*WORK TASK*. Please reproduce the lines from the one containing "Numbers: x, y, z, sx, sy, sz, roll, pitch, yaw." through the end of the data below exactly as they stand, and omit all pictures.

*DATA FOR THE TASK*.
==================================================

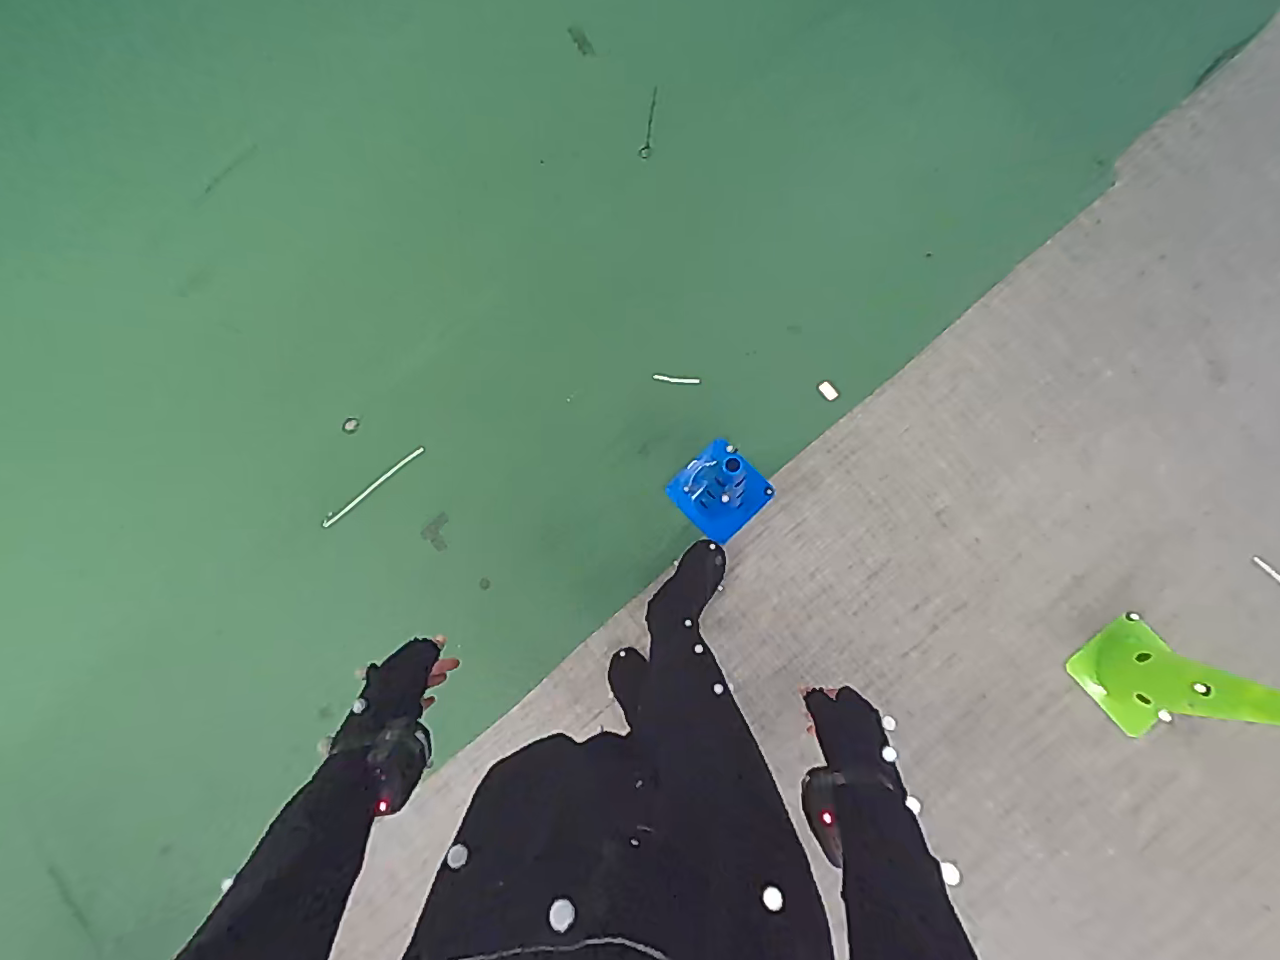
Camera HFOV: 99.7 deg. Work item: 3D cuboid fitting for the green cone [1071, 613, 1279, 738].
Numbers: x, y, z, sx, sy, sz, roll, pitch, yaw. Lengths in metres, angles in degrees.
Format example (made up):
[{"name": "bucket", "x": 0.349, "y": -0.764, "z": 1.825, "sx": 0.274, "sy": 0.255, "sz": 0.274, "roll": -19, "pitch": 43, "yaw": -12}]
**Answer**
[{"name": "green cone", "x": 1.051, "y": 0.393, "z": 0.996, "sx": 0.200, "sy": 0.368, "sz": 0.202, "roll": -41, "pitch": 81, "yaw": -2}]
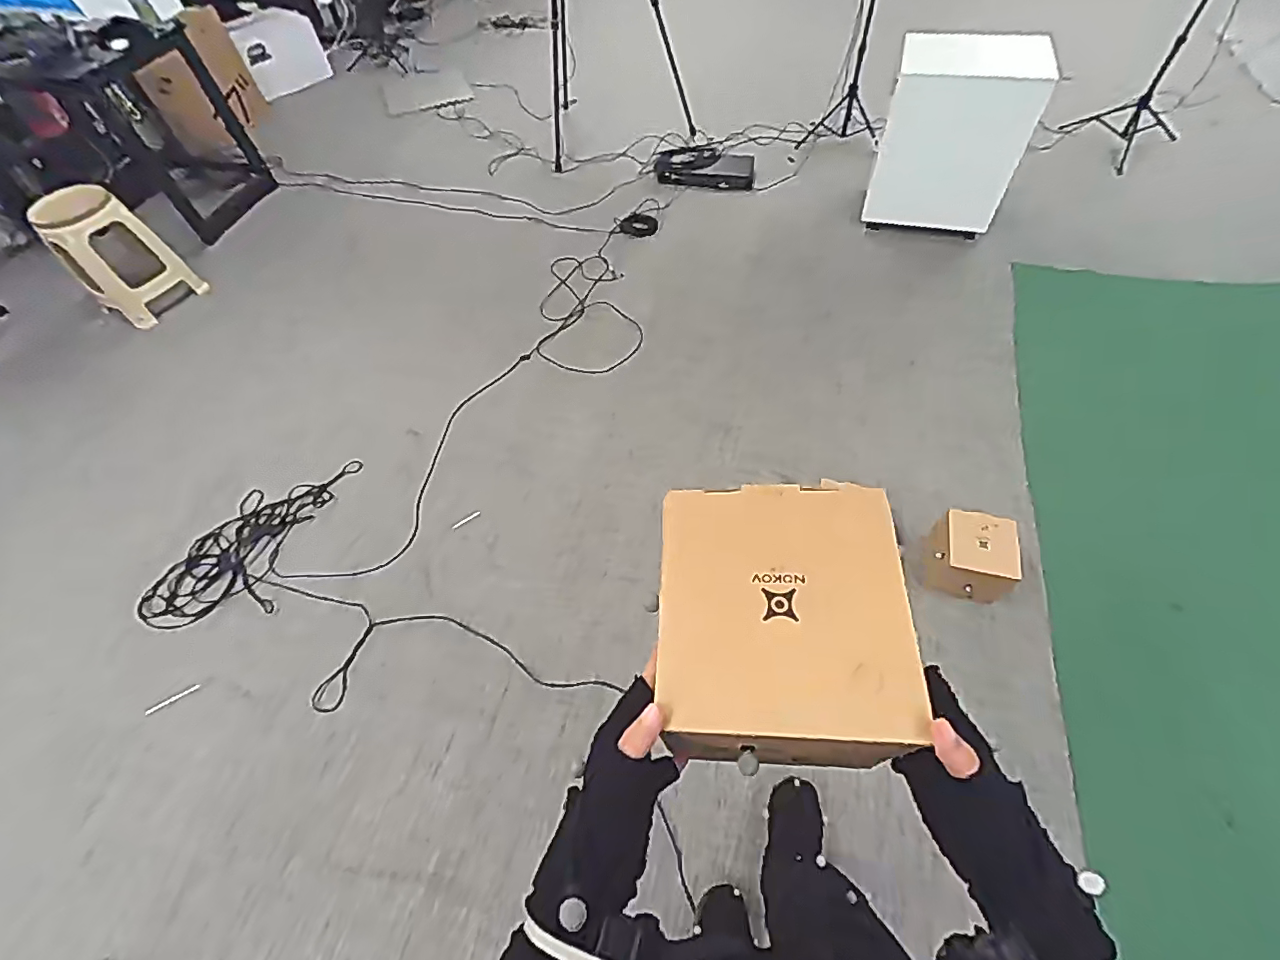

==================================================

*REPLY TO THE TASK*.
Numbers: x, y, z, sx, sy, sz, roll, pitch, yaw. Lengths in metres, angles in degrees.
Format example (made up):
[{"name": "bucket", "x": 0.349, "y": -0.764, "z": 1.825, "sx": 0.274, "sy": 0.255, "sz": 0.274, "roll": -19, "pitch": 43, "yaw": -12}]
**Answer**
[{"name": "green cone", "x": 1.051, "y": 0.393, "z": 0.996, "sx": 0.200, "sy": 0.368, "sz": 0.202, "roll": -41, "pitch": 81, "yaw": -2}]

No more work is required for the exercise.